### Exercise directions
Every record must be restated exactly. Drop the images.

The data START

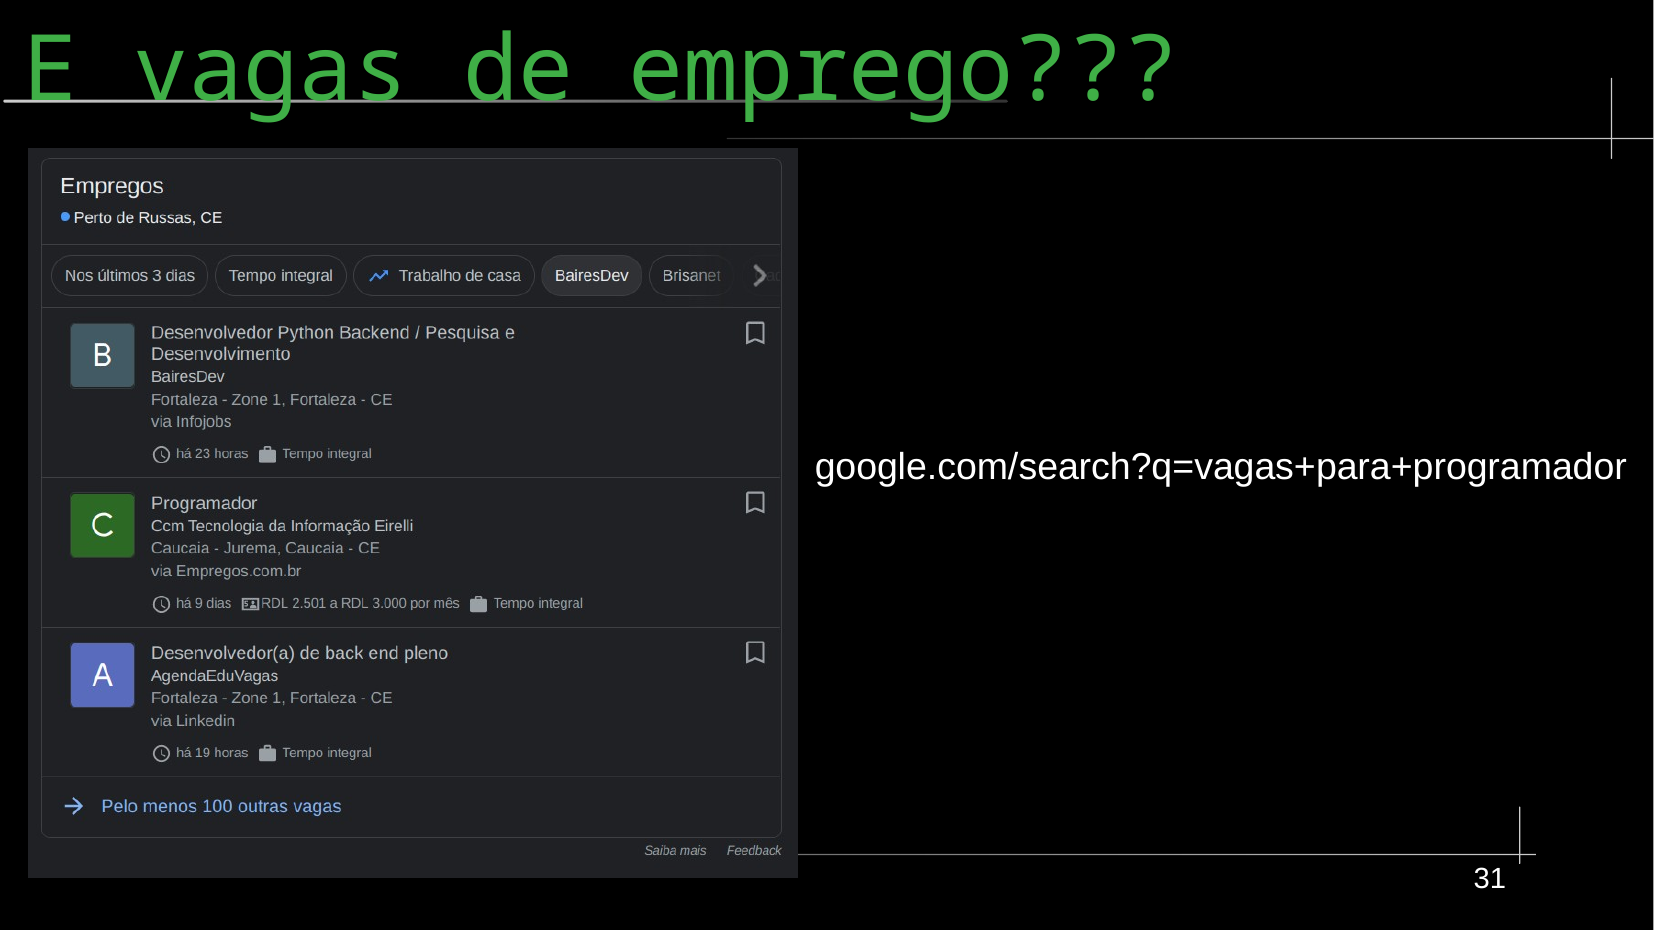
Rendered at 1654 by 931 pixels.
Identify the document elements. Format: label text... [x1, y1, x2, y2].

title E vagas de emprego??? [23, 7, 1589, 123]
picture [28, 148, 798, 878]
text_box google.com/search?q=vagas+para+programador [800, 438, 1642, 496]

The data END

### Result of this task
Rendered at 1654 by 931 pixels.
Identify the document elements. Format: label text... [x1, y1, x2, y2].

title E vagas de emprego??? [23, 7, 1589, 123]
picture [28, 148, 798, 878]
text_box google.com/search?q=vagas+para+programador [800, 438, 1642, 496]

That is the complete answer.